=== Begin Enclosure ===
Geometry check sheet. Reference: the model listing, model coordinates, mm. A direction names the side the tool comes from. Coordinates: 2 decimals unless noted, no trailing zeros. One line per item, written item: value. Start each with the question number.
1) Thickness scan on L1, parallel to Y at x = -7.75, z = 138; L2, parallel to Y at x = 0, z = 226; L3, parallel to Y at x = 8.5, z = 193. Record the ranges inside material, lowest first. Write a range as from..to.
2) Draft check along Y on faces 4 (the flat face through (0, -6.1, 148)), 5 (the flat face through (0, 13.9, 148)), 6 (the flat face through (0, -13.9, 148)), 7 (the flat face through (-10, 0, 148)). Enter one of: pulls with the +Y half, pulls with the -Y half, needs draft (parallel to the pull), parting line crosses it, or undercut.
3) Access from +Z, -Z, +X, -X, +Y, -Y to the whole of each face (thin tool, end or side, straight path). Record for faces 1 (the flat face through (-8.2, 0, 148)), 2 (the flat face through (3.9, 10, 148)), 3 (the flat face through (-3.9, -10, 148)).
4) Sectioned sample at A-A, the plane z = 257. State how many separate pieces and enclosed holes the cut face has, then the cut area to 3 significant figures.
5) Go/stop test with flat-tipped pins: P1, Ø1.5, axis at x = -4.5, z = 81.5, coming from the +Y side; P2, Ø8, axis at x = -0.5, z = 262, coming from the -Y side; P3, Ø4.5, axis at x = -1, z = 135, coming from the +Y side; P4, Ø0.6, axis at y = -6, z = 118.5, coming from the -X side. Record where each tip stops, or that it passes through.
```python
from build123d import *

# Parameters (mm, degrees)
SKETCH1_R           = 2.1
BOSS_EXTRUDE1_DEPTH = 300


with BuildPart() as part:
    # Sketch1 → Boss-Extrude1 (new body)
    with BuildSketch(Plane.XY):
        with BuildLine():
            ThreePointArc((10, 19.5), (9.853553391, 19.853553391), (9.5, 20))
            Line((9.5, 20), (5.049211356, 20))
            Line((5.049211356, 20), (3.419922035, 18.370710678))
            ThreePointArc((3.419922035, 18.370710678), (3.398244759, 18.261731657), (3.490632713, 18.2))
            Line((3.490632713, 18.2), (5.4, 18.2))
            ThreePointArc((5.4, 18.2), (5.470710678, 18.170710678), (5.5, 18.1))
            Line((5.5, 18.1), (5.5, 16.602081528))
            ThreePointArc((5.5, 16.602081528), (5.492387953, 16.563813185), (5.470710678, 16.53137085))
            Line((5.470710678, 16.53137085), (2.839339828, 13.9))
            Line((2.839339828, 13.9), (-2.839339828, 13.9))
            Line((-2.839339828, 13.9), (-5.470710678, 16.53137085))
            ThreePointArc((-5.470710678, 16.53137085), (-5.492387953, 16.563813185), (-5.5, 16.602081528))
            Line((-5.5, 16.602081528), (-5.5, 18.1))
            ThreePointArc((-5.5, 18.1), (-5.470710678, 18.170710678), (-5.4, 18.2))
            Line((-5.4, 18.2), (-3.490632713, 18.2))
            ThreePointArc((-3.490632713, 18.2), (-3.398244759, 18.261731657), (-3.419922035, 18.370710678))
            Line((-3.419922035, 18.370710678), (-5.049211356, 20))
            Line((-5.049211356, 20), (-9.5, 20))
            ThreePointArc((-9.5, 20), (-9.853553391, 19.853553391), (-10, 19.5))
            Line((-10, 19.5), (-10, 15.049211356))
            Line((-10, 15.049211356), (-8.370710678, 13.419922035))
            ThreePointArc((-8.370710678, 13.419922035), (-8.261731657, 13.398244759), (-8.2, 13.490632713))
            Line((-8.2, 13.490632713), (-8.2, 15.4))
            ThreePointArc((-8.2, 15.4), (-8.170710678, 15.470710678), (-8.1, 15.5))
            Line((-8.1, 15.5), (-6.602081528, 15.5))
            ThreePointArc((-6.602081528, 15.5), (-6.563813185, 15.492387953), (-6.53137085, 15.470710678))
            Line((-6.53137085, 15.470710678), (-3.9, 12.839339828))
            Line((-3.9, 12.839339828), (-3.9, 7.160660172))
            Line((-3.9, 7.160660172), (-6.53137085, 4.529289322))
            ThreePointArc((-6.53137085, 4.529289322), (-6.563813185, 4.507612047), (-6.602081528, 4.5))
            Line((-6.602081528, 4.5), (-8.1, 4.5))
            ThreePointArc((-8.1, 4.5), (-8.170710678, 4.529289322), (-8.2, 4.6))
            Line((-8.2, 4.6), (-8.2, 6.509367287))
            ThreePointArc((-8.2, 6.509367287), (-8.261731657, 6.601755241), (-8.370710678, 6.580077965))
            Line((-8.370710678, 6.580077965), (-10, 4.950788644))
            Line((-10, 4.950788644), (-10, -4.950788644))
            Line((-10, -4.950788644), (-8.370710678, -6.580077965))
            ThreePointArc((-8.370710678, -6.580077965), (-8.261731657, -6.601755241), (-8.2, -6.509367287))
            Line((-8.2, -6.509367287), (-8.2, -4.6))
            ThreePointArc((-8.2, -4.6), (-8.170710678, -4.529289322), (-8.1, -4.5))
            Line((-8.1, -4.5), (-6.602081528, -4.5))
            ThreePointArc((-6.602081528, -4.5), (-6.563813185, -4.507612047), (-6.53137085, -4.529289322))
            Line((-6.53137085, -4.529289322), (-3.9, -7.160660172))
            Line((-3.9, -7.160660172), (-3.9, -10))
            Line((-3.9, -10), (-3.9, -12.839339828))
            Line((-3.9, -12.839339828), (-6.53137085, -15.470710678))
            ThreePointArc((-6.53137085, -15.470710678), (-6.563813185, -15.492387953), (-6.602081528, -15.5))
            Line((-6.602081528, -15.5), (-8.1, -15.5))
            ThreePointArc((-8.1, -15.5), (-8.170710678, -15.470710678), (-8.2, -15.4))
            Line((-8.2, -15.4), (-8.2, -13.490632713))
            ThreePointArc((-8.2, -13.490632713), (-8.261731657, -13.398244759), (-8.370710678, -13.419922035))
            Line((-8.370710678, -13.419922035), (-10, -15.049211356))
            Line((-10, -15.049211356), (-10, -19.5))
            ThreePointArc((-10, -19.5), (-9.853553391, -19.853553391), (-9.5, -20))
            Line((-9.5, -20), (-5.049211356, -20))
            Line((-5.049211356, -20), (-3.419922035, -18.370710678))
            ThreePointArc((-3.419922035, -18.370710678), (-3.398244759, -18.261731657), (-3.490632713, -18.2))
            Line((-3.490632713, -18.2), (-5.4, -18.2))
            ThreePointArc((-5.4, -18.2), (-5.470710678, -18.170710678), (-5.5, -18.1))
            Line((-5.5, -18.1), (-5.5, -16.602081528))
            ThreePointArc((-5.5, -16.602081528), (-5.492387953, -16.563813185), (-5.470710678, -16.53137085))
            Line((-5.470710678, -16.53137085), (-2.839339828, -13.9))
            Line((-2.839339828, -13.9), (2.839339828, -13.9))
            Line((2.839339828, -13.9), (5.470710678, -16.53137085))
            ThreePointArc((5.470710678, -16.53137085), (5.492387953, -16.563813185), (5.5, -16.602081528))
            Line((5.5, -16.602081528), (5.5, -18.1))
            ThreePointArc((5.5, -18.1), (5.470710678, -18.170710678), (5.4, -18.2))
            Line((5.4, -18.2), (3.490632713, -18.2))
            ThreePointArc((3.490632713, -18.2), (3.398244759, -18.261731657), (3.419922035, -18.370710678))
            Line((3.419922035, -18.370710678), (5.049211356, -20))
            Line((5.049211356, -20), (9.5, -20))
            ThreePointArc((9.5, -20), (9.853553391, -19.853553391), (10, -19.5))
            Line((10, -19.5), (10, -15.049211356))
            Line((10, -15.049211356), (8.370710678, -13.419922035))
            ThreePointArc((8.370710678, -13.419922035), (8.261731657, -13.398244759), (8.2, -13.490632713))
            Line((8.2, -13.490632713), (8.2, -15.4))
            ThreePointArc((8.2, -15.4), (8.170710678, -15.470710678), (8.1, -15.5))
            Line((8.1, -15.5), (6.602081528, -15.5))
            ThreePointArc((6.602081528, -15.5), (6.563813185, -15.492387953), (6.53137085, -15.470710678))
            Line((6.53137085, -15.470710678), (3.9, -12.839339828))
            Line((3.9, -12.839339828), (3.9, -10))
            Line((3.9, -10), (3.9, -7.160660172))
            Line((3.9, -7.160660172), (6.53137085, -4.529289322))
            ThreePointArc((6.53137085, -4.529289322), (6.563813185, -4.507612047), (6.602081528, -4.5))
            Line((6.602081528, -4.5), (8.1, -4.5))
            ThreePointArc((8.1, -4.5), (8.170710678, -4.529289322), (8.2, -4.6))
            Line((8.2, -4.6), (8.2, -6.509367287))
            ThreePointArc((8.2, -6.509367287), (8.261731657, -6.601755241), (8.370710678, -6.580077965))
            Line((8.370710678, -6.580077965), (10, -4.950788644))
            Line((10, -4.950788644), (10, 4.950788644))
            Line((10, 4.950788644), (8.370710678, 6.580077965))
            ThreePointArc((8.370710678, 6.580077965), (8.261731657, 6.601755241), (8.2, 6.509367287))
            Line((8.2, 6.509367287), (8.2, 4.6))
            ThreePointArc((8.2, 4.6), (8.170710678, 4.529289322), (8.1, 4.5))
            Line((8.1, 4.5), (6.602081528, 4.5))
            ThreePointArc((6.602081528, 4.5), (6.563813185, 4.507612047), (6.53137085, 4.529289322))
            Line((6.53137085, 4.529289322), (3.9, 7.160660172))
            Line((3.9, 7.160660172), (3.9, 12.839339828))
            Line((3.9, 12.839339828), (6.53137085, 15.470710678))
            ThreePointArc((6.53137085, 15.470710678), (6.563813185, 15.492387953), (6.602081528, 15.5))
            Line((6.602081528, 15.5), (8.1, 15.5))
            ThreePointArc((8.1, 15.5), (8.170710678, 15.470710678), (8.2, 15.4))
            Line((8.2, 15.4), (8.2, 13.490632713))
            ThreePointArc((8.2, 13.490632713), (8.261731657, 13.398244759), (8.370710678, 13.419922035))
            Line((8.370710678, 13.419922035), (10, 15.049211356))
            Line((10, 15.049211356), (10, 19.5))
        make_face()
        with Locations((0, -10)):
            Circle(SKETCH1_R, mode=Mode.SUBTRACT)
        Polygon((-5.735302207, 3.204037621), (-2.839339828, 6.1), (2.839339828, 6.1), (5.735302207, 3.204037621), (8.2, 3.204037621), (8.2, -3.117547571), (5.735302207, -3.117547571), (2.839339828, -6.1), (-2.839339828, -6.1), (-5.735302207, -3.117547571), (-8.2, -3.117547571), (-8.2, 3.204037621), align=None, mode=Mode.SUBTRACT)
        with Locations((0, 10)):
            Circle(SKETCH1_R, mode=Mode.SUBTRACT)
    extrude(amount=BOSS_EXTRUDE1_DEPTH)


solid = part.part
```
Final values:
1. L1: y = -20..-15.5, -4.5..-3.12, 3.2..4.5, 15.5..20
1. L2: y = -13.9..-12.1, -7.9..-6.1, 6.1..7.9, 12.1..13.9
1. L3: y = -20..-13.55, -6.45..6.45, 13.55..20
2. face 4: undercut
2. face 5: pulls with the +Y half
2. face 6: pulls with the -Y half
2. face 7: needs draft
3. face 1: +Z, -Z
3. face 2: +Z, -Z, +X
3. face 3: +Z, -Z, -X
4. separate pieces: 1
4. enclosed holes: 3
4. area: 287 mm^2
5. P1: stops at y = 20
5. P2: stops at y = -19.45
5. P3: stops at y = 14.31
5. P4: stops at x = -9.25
=== End Enclosure ===
=== Begin Enclosure ===
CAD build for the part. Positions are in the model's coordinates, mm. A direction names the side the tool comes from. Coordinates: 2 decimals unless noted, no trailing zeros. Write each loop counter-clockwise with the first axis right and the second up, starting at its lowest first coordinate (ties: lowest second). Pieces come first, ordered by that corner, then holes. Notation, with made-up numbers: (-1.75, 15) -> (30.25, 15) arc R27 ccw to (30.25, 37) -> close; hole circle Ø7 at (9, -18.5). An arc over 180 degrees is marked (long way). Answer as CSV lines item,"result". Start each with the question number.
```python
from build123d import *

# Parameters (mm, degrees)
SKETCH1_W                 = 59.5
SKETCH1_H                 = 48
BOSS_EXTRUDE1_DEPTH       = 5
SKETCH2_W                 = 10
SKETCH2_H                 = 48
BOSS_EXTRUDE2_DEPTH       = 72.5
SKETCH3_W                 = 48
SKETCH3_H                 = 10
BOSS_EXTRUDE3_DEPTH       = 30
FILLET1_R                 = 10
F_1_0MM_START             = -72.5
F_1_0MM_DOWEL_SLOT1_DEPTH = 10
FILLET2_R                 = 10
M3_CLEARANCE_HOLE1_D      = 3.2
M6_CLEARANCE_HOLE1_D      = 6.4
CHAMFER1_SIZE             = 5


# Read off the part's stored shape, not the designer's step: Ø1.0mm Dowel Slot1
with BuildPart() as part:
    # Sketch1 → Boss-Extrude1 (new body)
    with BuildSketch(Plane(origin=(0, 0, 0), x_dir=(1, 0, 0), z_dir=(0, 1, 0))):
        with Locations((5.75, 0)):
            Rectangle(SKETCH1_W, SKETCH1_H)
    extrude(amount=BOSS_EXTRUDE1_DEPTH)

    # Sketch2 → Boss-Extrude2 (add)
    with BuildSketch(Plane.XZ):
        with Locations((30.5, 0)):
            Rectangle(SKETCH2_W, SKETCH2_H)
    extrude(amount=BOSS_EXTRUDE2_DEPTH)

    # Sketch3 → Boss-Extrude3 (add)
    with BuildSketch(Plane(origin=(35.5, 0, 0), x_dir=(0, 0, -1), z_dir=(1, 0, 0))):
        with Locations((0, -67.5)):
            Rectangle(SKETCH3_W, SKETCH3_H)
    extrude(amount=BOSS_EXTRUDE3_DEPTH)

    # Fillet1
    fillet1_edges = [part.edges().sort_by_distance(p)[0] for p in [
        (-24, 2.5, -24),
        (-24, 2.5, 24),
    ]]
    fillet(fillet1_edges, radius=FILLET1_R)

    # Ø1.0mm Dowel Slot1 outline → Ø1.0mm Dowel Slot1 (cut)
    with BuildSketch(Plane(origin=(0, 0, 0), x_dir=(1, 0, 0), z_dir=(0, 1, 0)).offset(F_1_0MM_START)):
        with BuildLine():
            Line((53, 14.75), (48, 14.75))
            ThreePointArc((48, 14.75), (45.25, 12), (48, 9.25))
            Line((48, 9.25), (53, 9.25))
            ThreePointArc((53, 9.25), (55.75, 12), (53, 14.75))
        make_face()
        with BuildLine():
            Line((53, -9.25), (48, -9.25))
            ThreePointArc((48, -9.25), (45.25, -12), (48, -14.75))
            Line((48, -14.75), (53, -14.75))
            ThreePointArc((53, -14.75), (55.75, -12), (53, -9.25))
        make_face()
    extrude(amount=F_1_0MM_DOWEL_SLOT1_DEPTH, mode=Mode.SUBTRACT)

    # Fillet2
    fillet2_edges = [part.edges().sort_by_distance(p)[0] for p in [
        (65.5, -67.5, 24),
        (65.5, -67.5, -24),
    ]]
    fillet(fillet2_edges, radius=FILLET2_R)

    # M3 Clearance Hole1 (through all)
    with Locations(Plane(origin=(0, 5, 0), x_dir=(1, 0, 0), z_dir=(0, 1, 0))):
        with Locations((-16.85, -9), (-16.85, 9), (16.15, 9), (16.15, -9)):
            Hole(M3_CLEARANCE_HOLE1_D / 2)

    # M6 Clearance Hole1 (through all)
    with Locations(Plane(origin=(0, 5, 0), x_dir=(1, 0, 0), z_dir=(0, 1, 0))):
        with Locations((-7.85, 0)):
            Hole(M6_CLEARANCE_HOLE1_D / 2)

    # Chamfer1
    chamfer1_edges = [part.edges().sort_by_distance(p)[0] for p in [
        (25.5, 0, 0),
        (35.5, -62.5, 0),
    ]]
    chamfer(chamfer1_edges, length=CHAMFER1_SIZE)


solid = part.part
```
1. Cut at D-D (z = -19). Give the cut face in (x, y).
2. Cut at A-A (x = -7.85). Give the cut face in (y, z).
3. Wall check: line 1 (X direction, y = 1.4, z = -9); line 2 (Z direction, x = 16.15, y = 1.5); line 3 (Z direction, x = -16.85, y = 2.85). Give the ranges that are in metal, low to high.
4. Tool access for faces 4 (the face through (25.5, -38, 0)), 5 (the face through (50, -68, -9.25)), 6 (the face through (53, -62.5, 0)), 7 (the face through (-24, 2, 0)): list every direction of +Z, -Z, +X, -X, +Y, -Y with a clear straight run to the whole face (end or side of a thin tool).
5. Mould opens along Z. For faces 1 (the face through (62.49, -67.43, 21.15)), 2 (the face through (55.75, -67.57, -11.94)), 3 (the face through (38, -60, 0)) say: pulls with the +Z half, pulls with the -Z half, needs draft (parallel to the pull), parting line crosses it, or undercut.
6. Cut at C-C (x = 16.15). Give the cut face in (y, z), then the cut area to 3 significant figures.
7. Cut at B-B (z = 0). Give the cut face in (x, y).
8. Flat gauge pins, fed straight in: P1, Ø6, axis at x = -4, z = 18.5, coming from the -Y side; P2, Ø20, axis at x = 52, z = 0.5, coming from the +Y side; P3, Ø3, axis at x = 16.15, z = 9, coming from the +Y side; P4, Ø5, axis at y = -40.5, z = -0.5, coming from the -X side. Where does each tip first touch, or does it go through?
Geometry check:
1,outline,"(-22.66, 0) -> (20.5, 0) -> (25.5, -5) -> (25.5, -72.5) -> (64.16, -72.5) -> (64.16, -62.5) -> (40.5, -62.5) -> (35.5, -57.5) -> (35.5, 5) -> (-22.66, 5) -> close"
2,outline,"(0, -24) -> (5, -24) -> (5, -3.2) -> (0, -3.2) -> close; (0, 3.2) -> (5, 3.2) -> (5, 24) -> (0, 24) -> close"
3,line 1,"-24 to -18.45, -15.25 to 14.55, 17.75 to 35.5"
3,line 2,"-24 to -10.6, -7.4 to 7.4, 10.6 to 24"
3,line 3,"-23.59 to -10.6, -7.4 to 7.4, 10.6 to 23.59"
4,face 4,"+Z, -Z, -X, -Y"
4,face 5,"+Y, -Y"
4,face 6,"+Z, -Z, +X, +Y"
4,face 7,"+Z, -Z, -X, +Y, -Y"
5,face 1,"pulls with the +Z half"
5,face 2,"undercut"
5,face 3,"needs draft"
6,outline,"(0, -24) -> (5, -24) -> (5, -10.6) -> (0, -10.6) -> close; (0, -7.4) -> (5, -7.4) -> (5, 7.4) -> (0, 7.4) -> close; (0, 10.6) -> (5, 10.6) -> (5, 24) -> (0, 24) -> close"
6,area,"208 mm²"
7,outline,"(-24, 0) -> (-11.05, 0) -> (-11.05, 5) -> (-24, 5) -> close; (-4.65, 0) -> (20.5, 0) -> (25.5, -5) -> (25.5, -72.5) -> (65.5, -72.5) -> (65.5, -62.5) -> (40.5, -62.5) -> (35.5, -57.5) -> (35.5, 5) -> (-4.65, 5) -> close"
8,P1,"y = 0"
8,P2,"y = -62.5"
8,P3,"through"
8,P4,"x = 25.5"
=== End Enclosure ===
=== Begin Enclosure ===
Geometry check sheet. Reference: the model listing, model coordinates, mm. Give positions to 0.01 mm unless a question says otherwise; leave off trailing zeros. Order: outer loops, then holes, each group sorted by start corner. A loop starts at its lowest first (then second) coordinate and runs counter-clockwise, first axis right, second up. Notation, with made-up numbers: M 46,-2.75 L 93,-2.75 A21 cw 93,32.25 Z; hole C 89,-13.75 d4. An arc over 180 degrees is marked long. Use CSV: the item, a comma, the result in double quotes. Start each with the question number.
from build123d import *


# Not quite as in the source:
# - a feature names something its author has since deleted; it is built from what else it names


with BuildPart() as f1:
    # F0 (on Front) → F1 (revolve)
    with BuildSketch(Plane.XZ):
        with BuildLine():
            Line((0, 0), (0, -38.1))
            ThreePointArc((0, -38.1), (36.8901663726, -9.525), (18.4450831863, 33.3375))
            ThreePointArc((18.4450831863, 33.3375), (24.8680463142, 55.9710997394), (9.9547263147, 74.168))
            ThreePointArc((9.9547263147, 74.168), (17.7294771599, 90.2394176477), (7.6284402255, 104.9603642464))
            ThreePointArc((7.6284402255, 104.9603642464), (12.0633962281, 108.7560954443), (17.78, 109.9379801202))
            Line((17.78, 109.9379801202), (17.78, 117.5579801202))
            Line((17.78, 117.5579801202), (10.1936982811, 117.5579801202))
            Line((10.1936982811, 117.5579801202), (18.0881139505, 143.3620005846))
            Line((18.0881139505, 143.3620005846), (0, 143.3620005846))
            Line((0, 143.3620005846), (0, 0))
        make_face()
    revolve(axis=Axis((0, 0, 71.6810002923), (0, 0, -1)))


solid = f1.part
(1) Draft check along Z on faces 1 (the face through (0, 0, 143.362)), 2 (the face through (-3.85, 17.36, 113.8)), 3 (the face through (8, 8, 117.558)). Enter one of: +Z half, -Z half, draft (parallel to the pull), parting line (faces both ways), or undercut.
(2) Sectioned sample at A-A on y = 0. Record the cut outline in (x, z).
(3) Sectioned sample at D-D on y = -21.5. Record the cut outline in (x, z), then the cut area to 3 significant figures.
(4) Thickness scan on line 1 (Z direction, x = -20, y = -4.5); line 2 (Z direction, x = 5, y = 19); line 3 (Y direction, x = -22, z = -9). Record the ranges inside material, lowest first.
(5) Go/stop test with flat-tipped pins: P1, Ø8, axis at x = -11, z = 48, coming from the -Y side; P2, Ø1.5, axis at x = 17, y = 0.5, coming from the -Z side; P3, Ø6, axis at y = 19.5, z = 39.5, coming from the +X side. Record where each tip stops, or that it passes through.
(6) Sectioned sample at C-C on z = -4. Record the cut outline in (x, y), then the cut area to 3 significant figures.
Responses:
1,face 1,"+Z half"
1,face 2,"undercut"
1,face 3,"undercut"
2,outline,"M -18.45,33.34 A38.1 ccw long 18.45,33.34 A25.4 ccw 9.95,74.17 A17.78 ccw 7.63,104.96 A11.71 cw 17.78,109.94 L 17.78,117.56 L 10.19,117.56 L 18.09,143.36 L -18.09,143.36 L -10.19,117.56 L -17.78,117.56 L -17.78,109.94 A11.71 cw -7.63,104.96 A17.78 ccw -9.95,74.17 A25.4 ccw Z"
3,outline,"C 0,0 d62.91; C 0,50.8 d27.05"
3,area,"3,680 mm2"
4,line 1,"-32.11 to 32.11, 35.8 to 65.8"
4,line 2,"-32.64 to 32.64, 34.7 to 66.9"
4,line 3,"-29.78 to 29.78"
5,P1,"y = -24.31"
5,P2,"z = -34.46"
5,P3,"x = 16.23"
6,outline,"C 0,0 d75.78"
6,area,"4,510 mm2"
=== End Enclosure ===
• [Work instruction]: Only the number is wanted: how many lines in the material above contain the string "figures"?

• [Exercise solution]: 4